A fotografiar el charco de sangre…
Miles de veces he visto imágenes en televisión y prensa escrita de eso mismo. Pero nunca había tenido que fotografiarlo.
No he sentido nada. He hecho mi trabajo sin dudar. Pensando sólo en el mejor encuadre.
El problema lo he tenido al entrevistar a los familiares de la víctima.
Un pariente ha pedido que dejaran de preguntar. Decían que llevaban dos días sufriendo los avances de la prensa. Cada hora aparecían medios haciendo preguntas sobre el asesinato.
Mi redactora (y digo que es mía porque es la que me pide las fotos) ha seguido preguntando. Otro familiar ha decidido hablar. Aseguraba que se habían dicho mentiras en la prensa y quería aclarar las cosas.
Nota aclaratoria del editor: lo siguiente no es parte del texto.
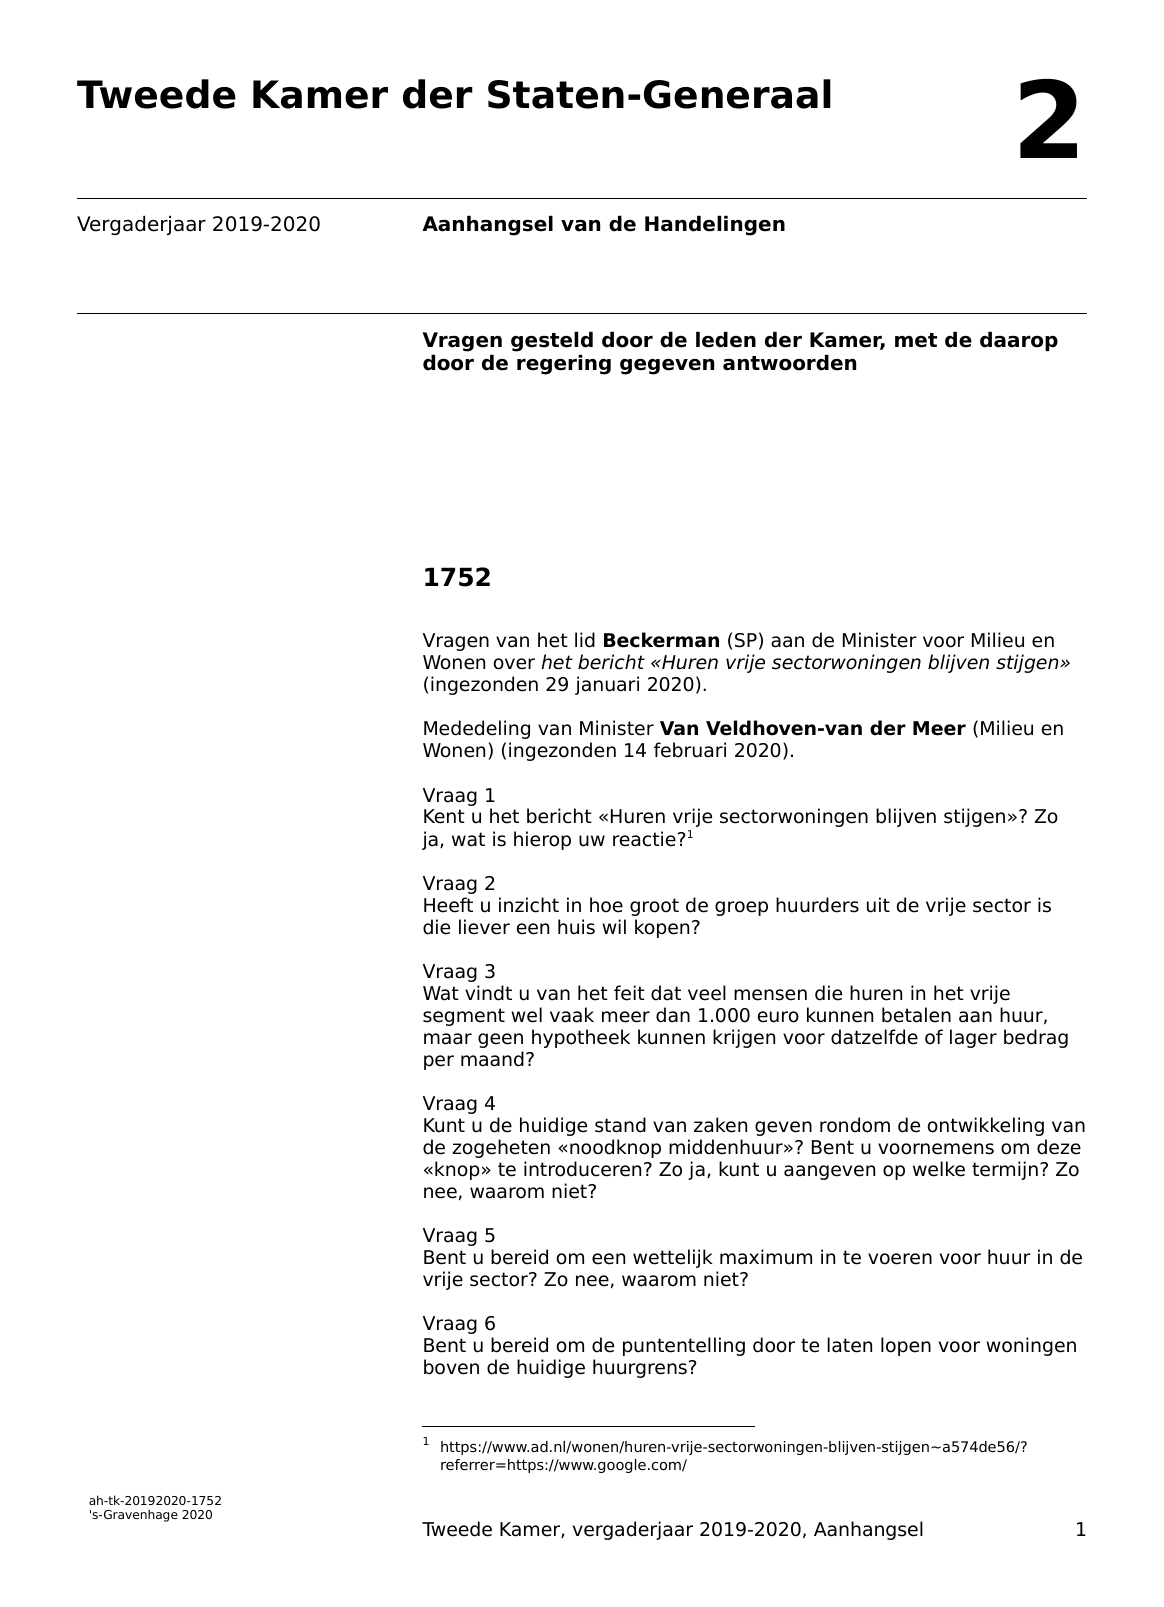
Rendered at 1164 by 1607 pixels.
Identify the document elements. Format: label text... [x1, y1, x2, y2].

text Bent u bereid om de puntentelling door te laten lopen voor woningen boven de huidige huurgrens? [422, 1335, 1087, 1379]
table_header Tweede Kamer der Staten-Generaal [77, 59, 886, 198]
text Mededeling van Minister Van Veldhoven-van der Meer (Milieu en Wonen) (ingezonden 14 februari 2020). [422, 718, 1087, 762]
table_cell Vragen gesteld door de leden der Kamer, met de daarop door de regering gegeven antwoorden [422, 314, 1087, 375]
text Vraag 6 [422, 1313, 1087, 1335]
table_header 2 [886, 59, 1087, 198]
text Heeft u inzicht in hoe groot de groep huurders uit de vrije sector is die liever een huis wil kopen? [422, 894, 1087, 938]
text Kent u het bericht «Huren vrije sectorwoningen blijven stijgen»? Zo ja, wat is hierop uw reactie? [422, 806, 1087, 850]
text 1752 [422, 563, 1087, 592]
text https://www.ad.nl/wonen/huren-vrije-sectorwoningen-blijven-stijgen~a574de56/?referrer=https://www.google.com/ [422, 1435, 1087, 1474]
text Kunt u de huidige stand van zaken geven rondom de ontwikkeling van de zogeheten «noodknop middenhuur»? Bent u voornemens om deze «knop» te introduceren? Zo ja, kunt u aangeven op welke termijn? Zo nee, waarom niet? [422, 1115, 1087, 1203]
text Wat vindt u van het feit dat veel mensen die huren in het vrije segment wel vaak meer dan 1.000 euro kunnen betalen aan huur, maar geen hypotheek kunnen krijgen voor datzelfde of lager bedrag per maand? [422, 983, 1087, 1071]
text Vragen van het lid Beckerman (SP) aan de Minister voor Milieu en Wonen over het bericht «Huren vrije sectorwoningen blijven stijgen» (ingezonden 29 januari 2020). [422, 630, 1087, 696]
text Bent u bereid om een wettelijk maximum in te voeren voor huur in de vrije sector? Zo nee, waarom niet? [422, 1247, 1087, 1291]
table_cell Aanhangsel van de Handelingen [422, 199, 1087, 313]
text Vraag 2 [422, 873, 1087, 894]
table_cell [77, 314, 422, 375]
text Vraag 3 [422, 961, 1087, 983]
table_cell Vergaderjaar 2019-2020 [77, 199, 422, 313]
text 's-Gravenhage 2020 [88, 1508, 323, 1522]
text Vraag 4 [422, 1093, 1087, 1115]
text Vraag 5 [422, 1225, 1087, 1247]
text Vraag 1 [422, 784, 1087, 806]
text ah-tk-20192020-1752 [88, 1494, 323, 1508]

Cuando ha terminado de contar lo que quería, el hombre tenía los ojos llorosos. Pero nuevamente, mi redactora ha preguntado.
Sé que es su trabajo, pero cuando le ha interrogado sobre cuántas puñaladas había recibido la víctima y otros tantos detalles, he sentido el impulso de quitarle el micro y mandarla a callar (cosa que casi hace el familiar). En cambio, he parpadeado varias veces para despejar las lágrimas que amenazaban con formarse, me he puesto mi armadura de frialdad y he seguido echando fotos.
Hasta he logrado disfrutar de mi trabajo.
Nadie (los demás cámaras de video y fotos, así como los periodistas) parecía asombrarse por las preguntas que hacía mi redactora.
Sé que cuando dan una noticia de este estilo, es justo lo que suele hacerse. Se busca a la familia destrozada jurando que no hay justicia en este mundo y los detalles concretos sobre la muerte, apasionan.
Pero no es lo mismo que te asquee frente a la televisión, que estando tú detrás de la cámara. Rodeada de los que “crean” la noticia.
Me estaba sintiendo responsable y no sé muy bien de qué (¿participar?).
Lo mejor ha venido después.
En su empeño en mostrar que la persona fallecida no era lo que contaban los medios al principio, los familiares han dejado que entráramos a la casa, a la habitación de la víctima.
Me he visto echando fotos en su cuarto, a su equipo de música, a sus libros… y no cejaba la sensación de que no debería estar haciendo eso. Es como tocar las cosas de otro.
En eso estaba, haciendo fotos estúpidas, cuando mi redactora le ha pedido a uno de los familiares (el portavoz, digamos) que se sentara en la cama del fallecido para hacerle unas fotos.
Yo me he quedado mirándola, preguntándole el sentido de esa foto. Y se ve que mi cara ha revelado demasiado, porque la redactora ha comenzado a disculparse y una compañera (camarógrafa) me ha quitado la cámara para hacer ella las fotos. Diciéndonos a las dos que no pasaba nada, que siguiéramos trabajando.
Así que he cogido yo la cámara de video y he grabado algunos recursos. Mientras lo hacía, un amigo de la familia me ha contado cosas que habría preferido no escuchar.
Mientras él descargaba su dolor, yo no he dicho una palabra. No sé soltar frases condescendientes ante eso y seguir como si no pasara nada. O todo, o nada.
Y he preferido la nada. Me he mantenido fría mientras él hablaba.
Cuando hemos acabado, yo tenía la sensación de llevar días en ese sitio (hemos tenido que irnos un poco lejos para cubrir la noticia). En el coche, de vuelta, la redactora me ha tocado el brazo, me ha mirado a los ojos y me ha dicho: “Sólo hago lo que me piden”.
Al parecer, todos hacemos lo que nos piden (habría que cambiar “piden” por “ordenan”, pero vale).
Si ha servido de algo esto, es para darme cuenta de que no tendría problemas con fotografiar a un muerto. Después de todo, a él ya le da igual. Pero tendría problemas con fotografiar a los amigos y parientes o, mejor dicho, su dolor.